• _Exercise_:
Copy out, from the entries below, each line that holds the string "value".

• _The data_:

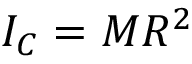<formula> <loc_0><loc_0><loc_500><loc_500>I _ { C } = M R ^ { 2 }</formula> 
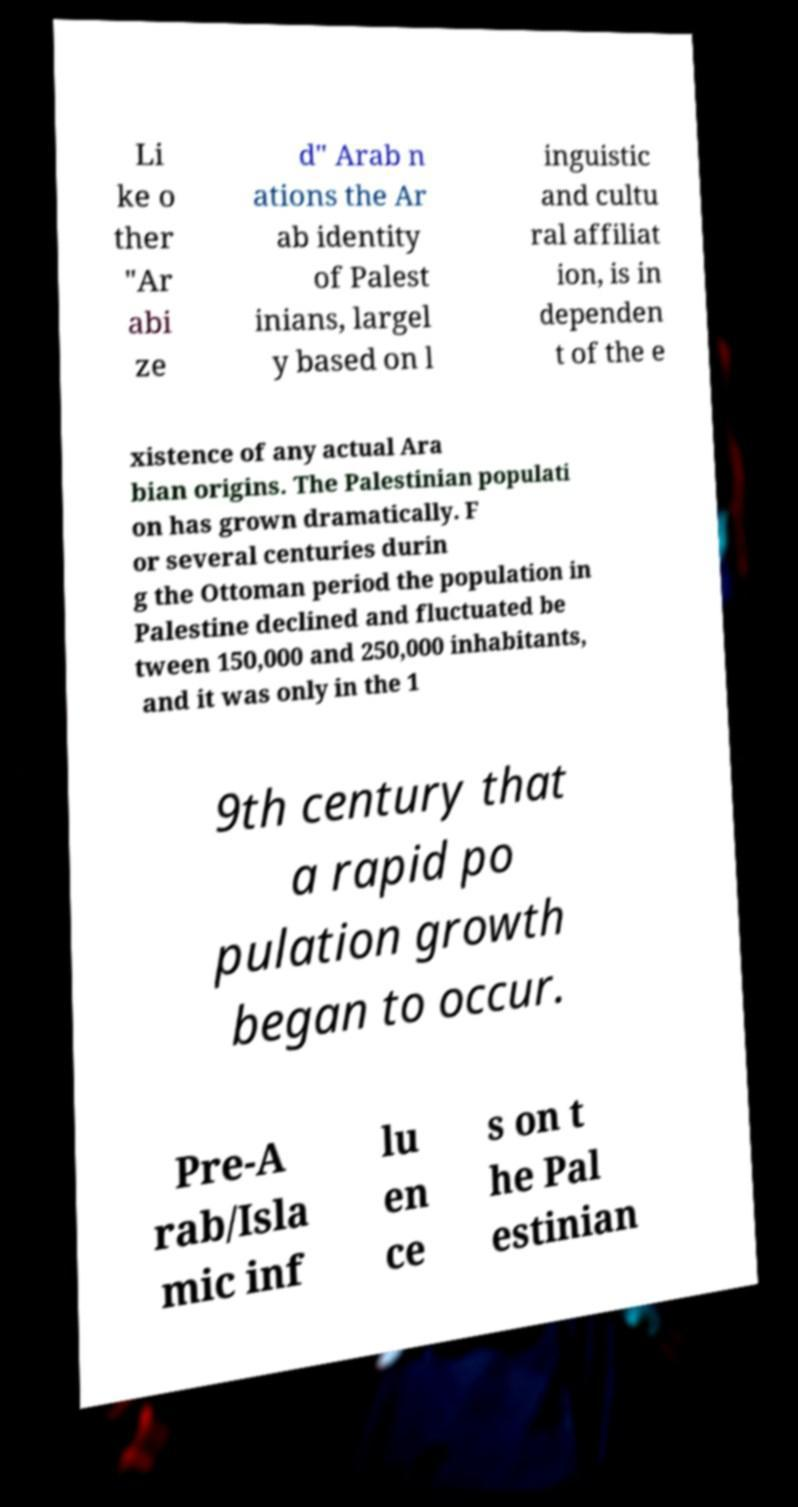Can you read and provide the text displayed in the image?This photo seems to have some interesting text. Can you extract and type it out for me? Li ke o ther "Ar abi ze d" Arab n ations the Ar ab identity of Palest inians, largel y based on l inguistic and cultu ral affiliat ion, is in dependen t of the e xistence of any actual Ara bian origins. The Palestinian populati on has grown dramatically. F or several centuries durin g the Ottoman period the population in Palestine declined and fluctuated be tween 150,000 and 250,000 inhabitants, and it was only in the 1 9th century that a rapid po pulation growth began to occur. Pre-A rab/Isla mic inf lu en ce s on t he Pal estinian 
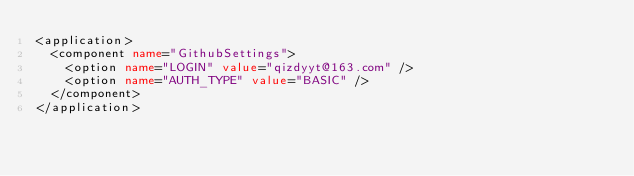<code> <loc_0><loc_0><loc_500><loc_500><_XML_><application>
  <component name="GithubSettings">
    <option name="LOGIN" value="qizdyyt@163.com" />
    <option name="AUTH_TYPE" value="BASIC" />
  </component>
</application></code> 
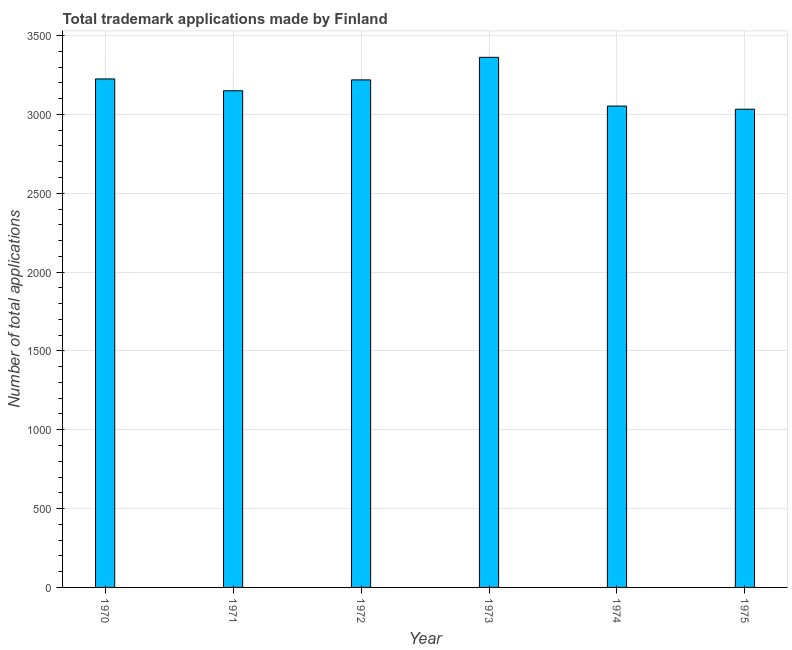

• _Solution_:
    <option name="LOGIN" value="qizdyyt@163.com" />
    <option name="AUTH_TYPE" value="BASIC" />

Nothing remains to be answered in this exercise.